Was ist der Unterschied zwischen den beiden Registern? (STS und STCS)?
Ist der Unterschied, dass beim STS ein Acknowledge gesendet wird und beim STCS nicht? Oder gibt es noch einen anderen Grund, anstatt das STS-Register das STCS-Register zu verwenden?
Das ergibt sich ja aus den Namen:
'ST - Store Data from UPDI to Data Space Using Indirect Addressing' (allgemeines Memory)
'STCS Store Data to Control and Status Register Space' (des UPDI)
Nein, es wird die CS-Adresse ($08) mit dem STCS-Opcode ($C0 = 11000000)
verodert.
ok, aber das müsste ich ja auch dann machen. Momentan sende ich nacheinander die Bytes 0x40 und 0x08. Dann müsste ich 0xC8 senden und dann den Wert (0x00 und 0x59), richtig?
Die beiden Sequenzen sollten stimmen. Ich vermute, dass UPDI nicht korrekt aktiviert wurde gemäß Datenblatt 'UPDI Enabling - One-Wire Enable'. Und zu Beginn zwei BREAKs senden kann auch nicht schaden, ich mache das generell.
Die beiden Sequenzen sollten stimmen.

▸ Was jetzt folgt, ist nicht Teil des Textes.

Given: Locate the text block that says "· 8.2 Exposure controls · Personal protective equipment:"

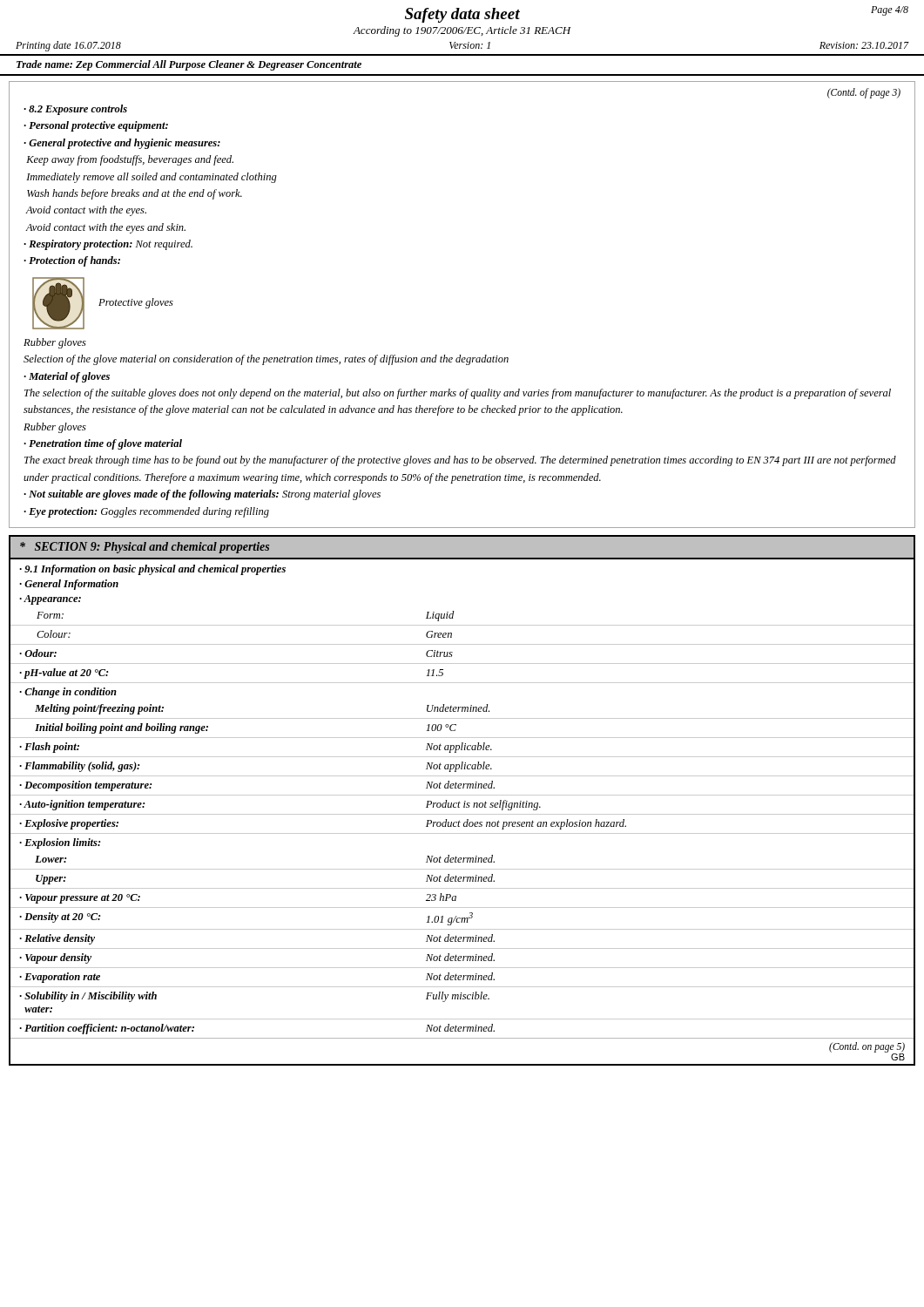Looking at the screenshot, I should pyautogui.click(x=150, y=185).
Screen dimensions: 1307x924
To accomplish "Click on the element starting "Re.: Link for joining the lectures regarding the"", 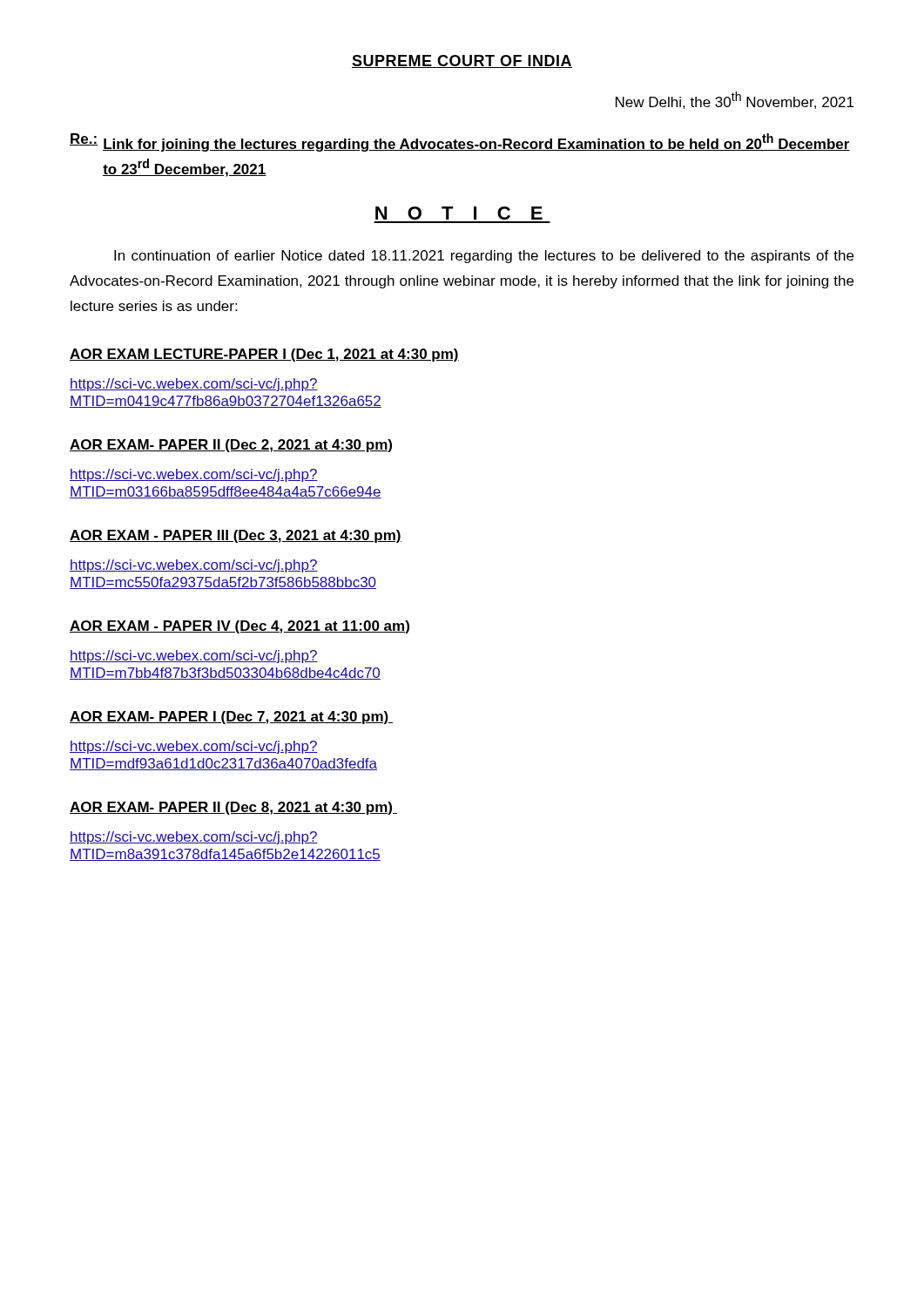I will coord(462,156).

Ich vermute, dass UPDI nicht
korrekt aktiviert wurde gemäß Datenblatt 'UPDI Enabling - One-Wire
Enable'. Und zu Beginn zwei BREAKs senden kann auch nicht schaden, ich
mache das generell.
Guten Morgen,
wie müsste die Sequenz aussehen, um UPDI zu aktivieren?
Herausgefunden habe ich folgendes:
Fuses Base Adress = 0x1280
SYSCFG0 Offset = 0x05
Schritt:
Adresse von FUSES.SYSCFG0 in NVMCTRL.ADDR laden: NVMCTRL.ADDR = 0x1285
Schritt:
Daten in NVMCTRL.DATA laden: NVMCTRL.DATA = 0xD4 (Bits 2 und 3 = 01)
Schritte:
Schreiben der Fuses initiieren: CTRLA = 0x07
Aber wie müsste jetzt die Sequenz aussehen, die ich übertragen müsste?
Wenn Du sicher wissen willst, wie Microchip das selber macht, dann besorge Dir ein MPLAB SNAP Programmer, MPLABX und einen dieser 15€-Logicanalyzer, mache aus der IPE einen Reset und schau mit dem Logicnalyzer nach, was das die IPE da sendet. Dann weißt Du es sicher, und Du siehst nicht nur die Bytesequenz, sondern auch das Timing, wenn das wichtig ist.
wie müsste die Sequenz aussehen, um UPDI zu aktivieren?
Das steht, wie bereits gestern geschrieben, im Datenblatt unter 'UPDI Enabling':
"The UPDI pin has a constant pull-up enable, and by driving the UPDI pin low for more than 200 ns, a connected programmer will initiate the start-up sequence ...".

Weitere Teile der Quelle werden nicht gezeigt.